Data shown:
┌──
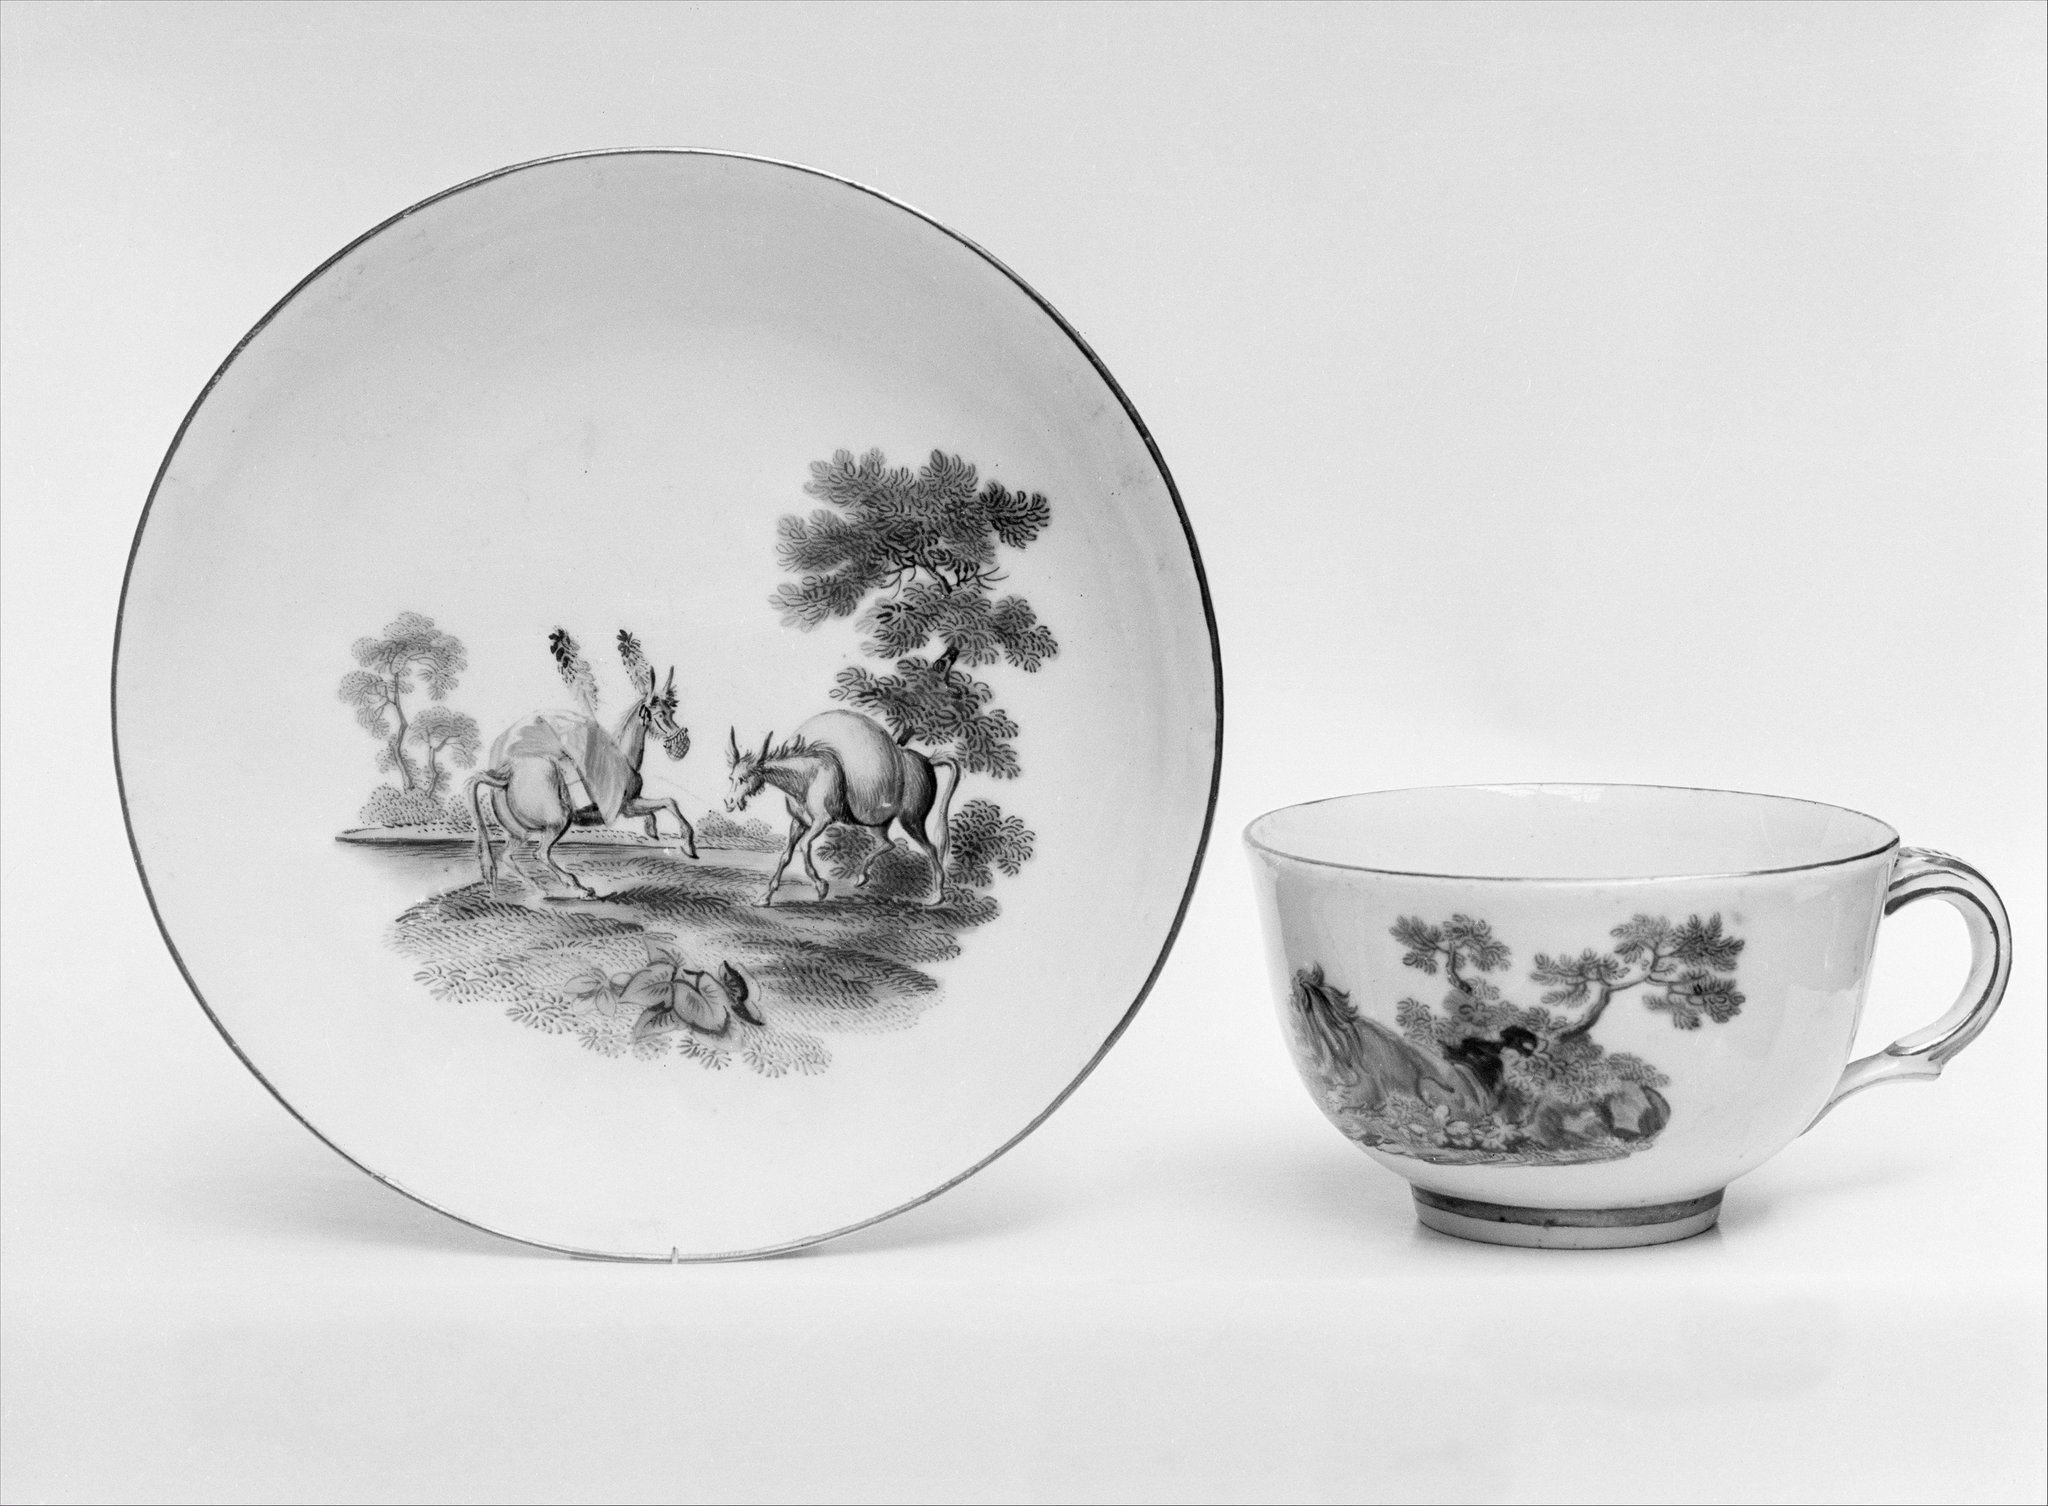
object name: cup
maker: tournai
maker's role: factory
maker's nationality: belgian
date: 1763-1771
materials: soft paste porcelain
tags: lions,trees
└──
Exercise objective: Scan the data above. Return every line with "maker" in it.

Task response:
maker: tournai
maker's role: factory
maker's nationality: belgian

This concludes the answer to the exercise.